Before Spinden, P.j., Fenner and Hanna, JJ.

The opinion of the court was delivered by: Fenner

Appellant, Terri Banks, appeals the order of the Circuit Court of Jackson County, Missouri, at Kansas City dismissing appellant's petition for damages. The trial court dismissed appellant's action for failure to give the required notice pursuant to section 82.210, RSMo 1986. *fn1

On December 11, 1987, appellant was allegedly struck and injured by a motor vehicle while crossing 39th Street near 5111 E. 39th Street. Appellant alleges that she was crossing at a crosswalk which was darkened and dangerous.

Appellant filed her petition for damages on December 8, 1992 against respondent, The City of Kansas City, Missouri (the City). In her petition, appellant alleged that the City owned, controlled, managed and maintained the general area of 39th Street at or near 5111 E. 39th Street and that the City maintained a pedestrian crosswalk near 5111 E. 39th Street where the alleged incident occurred. Appellant further alleged "that the lighting for said pedestrian crosswalk was negligently designed and located by [the City] in that said lighting was located a minimum distance of 175 feet from said crosswalk area and hence provided no illumination for the crosswalk." Appellant also alleged that as a direct result thereof, the persons using the crosswalk were unreasonably exposed to danger and the lighting system was, thus, in a dangerous condition within the meaning of section 537.600.1(2), RSMo Supp. 1992. *fn2

Appellant further contended that this dangerous condition is not a defect in the condition of any bridge, boulevard, street, sidewalk or thoroughfare, within the meaning of section 82.210, but rather is a dangerous design of a lighting system utilized near the pedestrian crosswalk where appellant was injured, within the meaning of section 537.600.1(2) as amended in 1985. Appellant contends that the driver of the motor vehicle that struck and injured her was unable to see her because of the "darkened condition created by defendant's negligently designed lighting system."

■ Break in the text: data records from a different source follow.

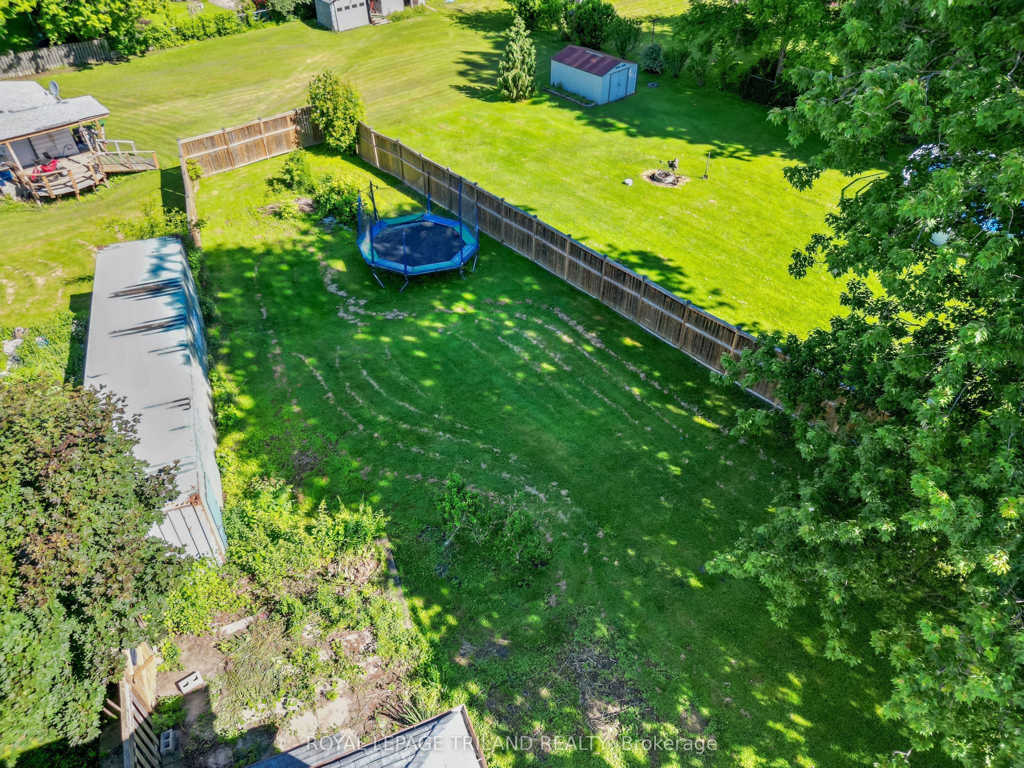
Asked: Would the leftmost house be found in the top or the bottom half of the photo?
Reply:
top
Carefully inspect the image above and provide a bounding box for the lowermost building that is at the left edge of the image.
[0,78,162,208]
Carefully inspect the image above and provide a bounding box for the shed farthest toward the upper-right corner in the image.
[545,42,643,105]
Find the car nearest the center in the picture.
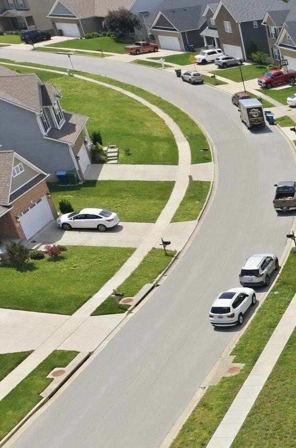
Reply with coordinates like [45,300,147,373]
[58,207,120,230]
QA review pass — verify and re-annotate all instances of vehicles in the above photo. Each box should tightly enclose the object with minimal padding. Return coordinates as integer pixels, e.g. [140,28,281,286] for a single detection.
[196,46,226,63]
[238,89,264,124]
[256,70,296,88]
[207,287,257,326]
[240,253,278,287]
[284,93,296,105]
[181,68,201,81]
[20,29,47,41]
[124,40,160,54]
[58,207,120,230]
[274,179,296,210]
[211,53,244,67]
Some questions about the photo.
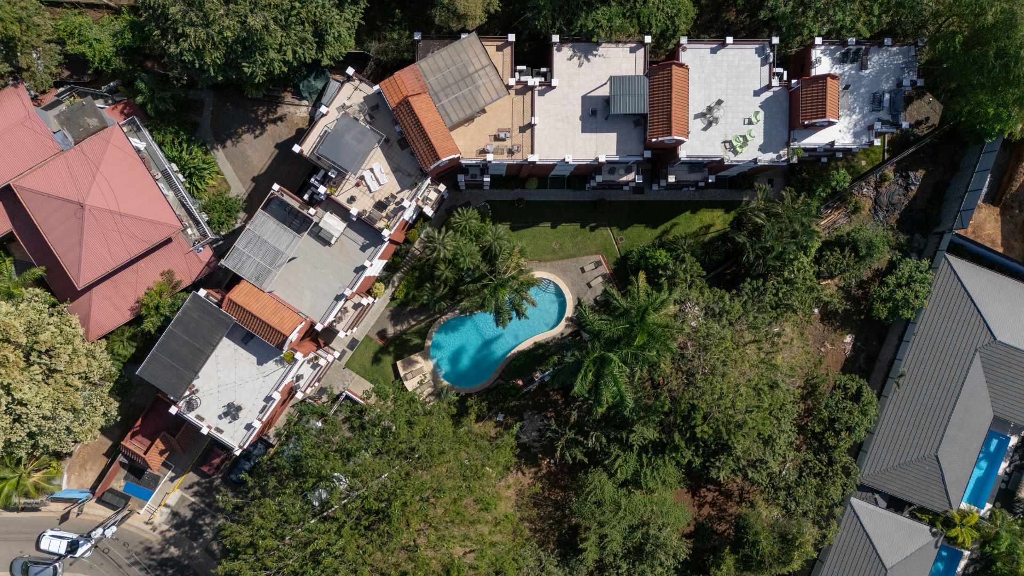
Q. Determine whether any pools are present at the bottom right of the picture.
Yes
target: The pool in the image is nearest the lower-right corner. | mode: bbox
[928,542,967,576]
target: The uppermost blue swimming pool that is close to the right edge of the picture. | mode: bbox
[958,429,1014,513]
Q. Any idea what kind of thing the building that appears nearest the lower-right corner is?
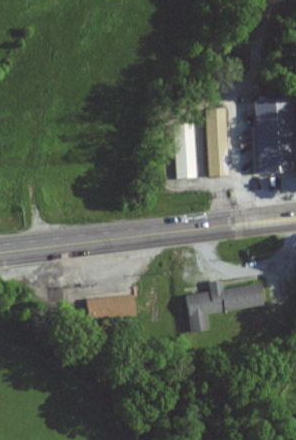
home
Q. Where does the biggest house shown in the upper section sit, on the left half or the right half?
right
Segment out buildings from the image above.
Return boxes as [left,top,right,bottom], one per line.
[206,108,228,178]
[253,102,296,174]
[86,296,136,320]
[186,280,262,332]
[175,122,198,180]

Appellant also alleged in her petition that her injuries were directly caused by the dangerous condition of respondent's lighting system at the time of the injury, and that the negligently designed lighting system created a reasonably foreseeable risk of harm to persons using the crosswalk. Finally, appellant alleged that respondent had actual or constructive notice of the lighting system, and that appellant sustained serious personal injuries as a direct result of the dangerous condition of respondent's lighting system.

On December 23, 1992, the City filed a Motion to Dismiss appellant's petition for failure to comply with the mandatory provisions of section 82.210, specifically, the notice requirement. On January 19, 1993, the City filed an Amended Motion to Dismiss reasserting its original Motion to Dismiss and further raising the defenses of sovereign immunity and the public duty rule. The trial court entered its Order of Dismissal on January 21, 1993, stating:

In the court's opinion plaintiff pleads a cause of action for injuries growing out of a defect or deficiency in the design of the lighting system which is a condition of the street or thoroughfare causing plaintiff's injuries. As such the notice to the city required by Section 82.210 R.S.Mo. was required as a precondition to maintain her action. Since the required notice admittedly was not given, plaintiff's petition must be dismissed.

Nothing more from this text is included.